Pour un premier long métrage, "Les combattants" est d'une impressionnante maîtrise, du début à la fin. Les deux enfants perdus au centre de cette histoire de survie parleront à de nombreux spectateurs. Nous sommes dans une époque de lutte larvée, et ceux qui entrent dans l'âge adulte, comme Arnaud et Madeleine, basculent d'un seul coup dans un univers qui peut en effrayer plus d'un. Même s'il n'est sans doute pas le chef d'oeuvre annoncé par quelques critiques enthousiastes, ce portrait d'une génération au bord du gouffre aurait pu être l'étendard d'une jeunesse inquiète. 

Les personnages sont bien trempés, loin d'un manichéisme dont le cinéma abuse parfois, tout simplement humains. Et, pour les incarner, Thomas Cailley a choisi de magnifiques acteurs : Kevin Anaïs et Adèle Haenel, qui portent le film à bout de bras et méritent à eux seuls le déplacement. Toute en tension, que ce soit physiquement ou verbalement, Adèle Haenel campe ici un personnage féminin qui fera date, tandis que Kevin Anaïs livre une interprétation toute en nuances.

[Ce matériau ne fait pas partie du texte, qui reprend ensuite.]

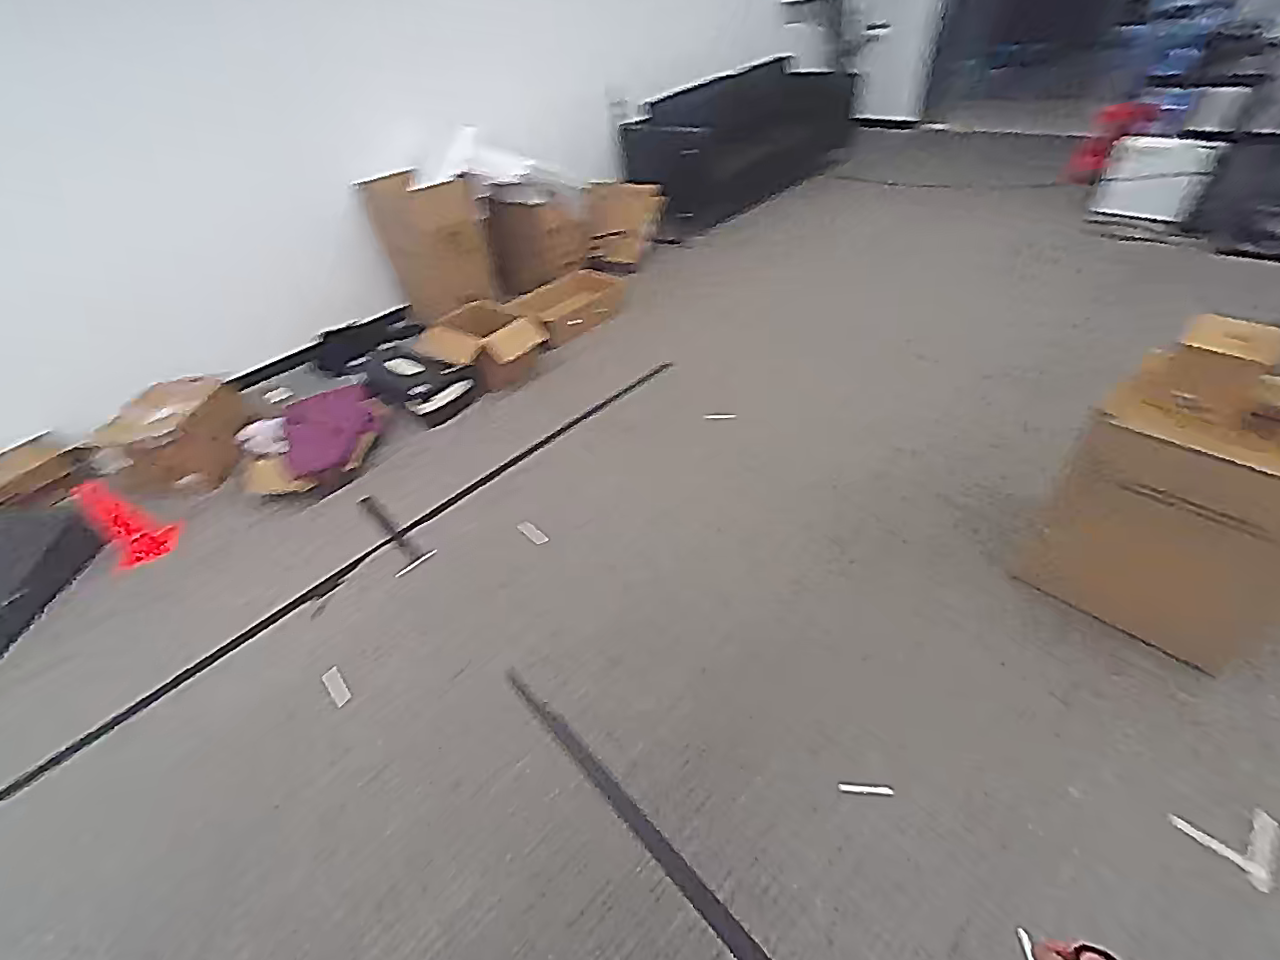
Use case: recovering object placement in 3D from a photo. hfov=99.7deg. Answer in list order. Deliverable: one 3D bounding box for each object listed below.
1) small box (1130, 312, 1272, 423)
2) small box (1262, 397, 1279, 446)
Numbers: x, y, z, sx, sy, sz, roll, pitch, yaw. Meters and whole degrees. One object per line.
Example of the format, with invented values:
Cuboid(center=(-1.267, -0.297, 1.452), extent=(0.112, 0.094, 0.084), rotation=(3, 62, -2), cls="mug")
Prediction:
Cuboid(center=(1.302, -0.264, 1.266), extent=(0.179, 0.176, 0.168), rotation=(-38, 49, -26), cls="small box")
Cuboid(center=(1.458, -0.157, 1.118), extent=(0.179, 0.176, 0.168), rotation=(-37, 47, -27), cls="small box")
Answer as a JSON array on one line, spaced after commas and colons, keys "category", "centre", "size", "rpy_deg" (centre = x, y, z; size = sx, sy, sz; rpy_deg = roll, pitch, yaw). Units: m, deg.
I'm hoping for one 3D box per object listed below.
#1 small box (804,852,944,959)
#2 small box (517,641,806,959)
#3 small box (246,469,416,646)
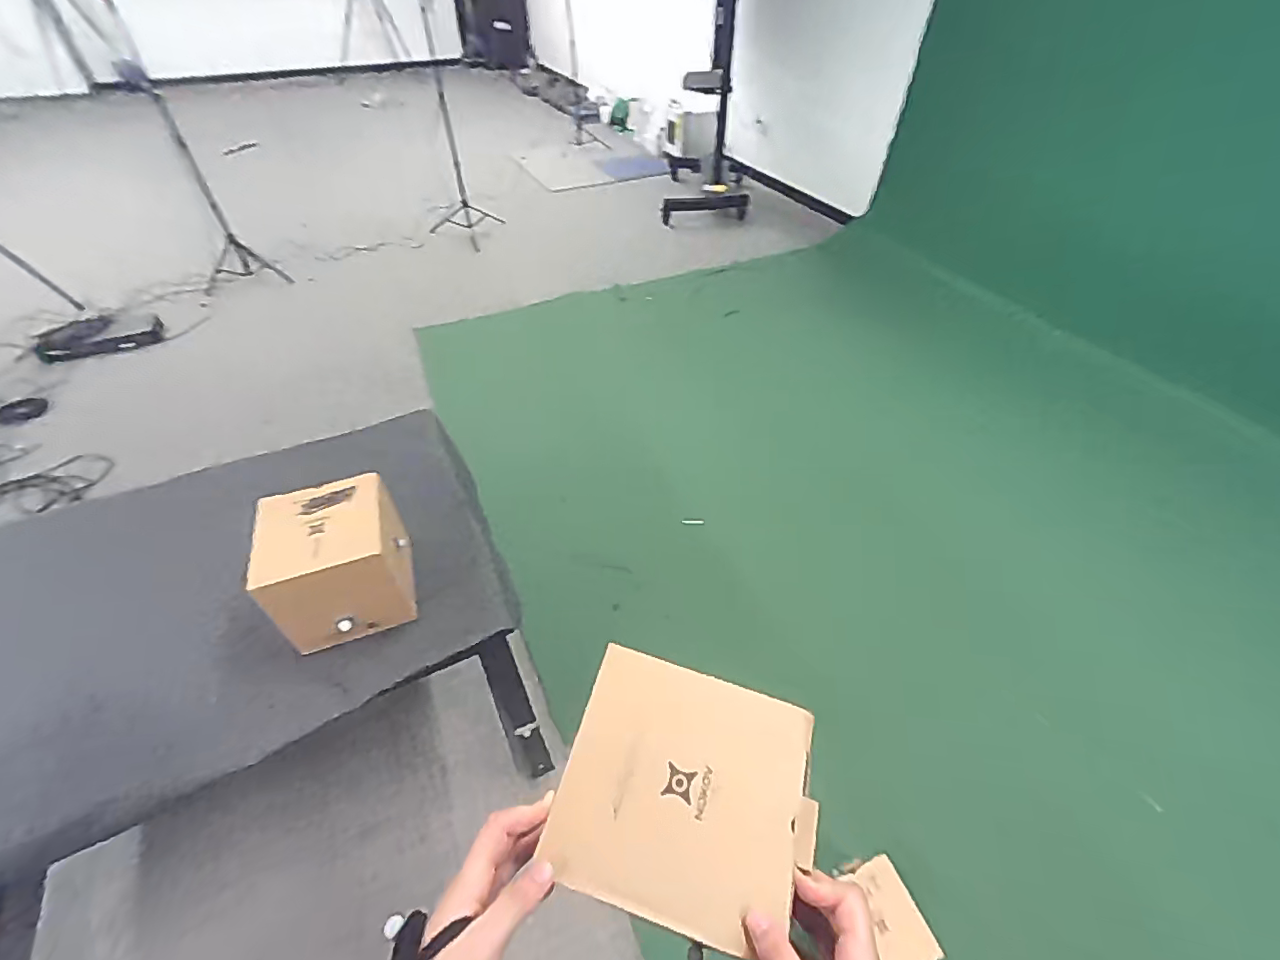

D'ailleurs, l'un et l'autre reçurent un César en début d'année, pour leur performance dans ce film. A mon sens, cette récompense fut des plus méritées.

Sans doute trop inattendu pour séduire un large public, "Les combattants" aurait cependant mérité d'être vu par plus de monde. Si, pour une fois, la reconnaissance du public avait été à la hauteur des critiques, c'eût été justice.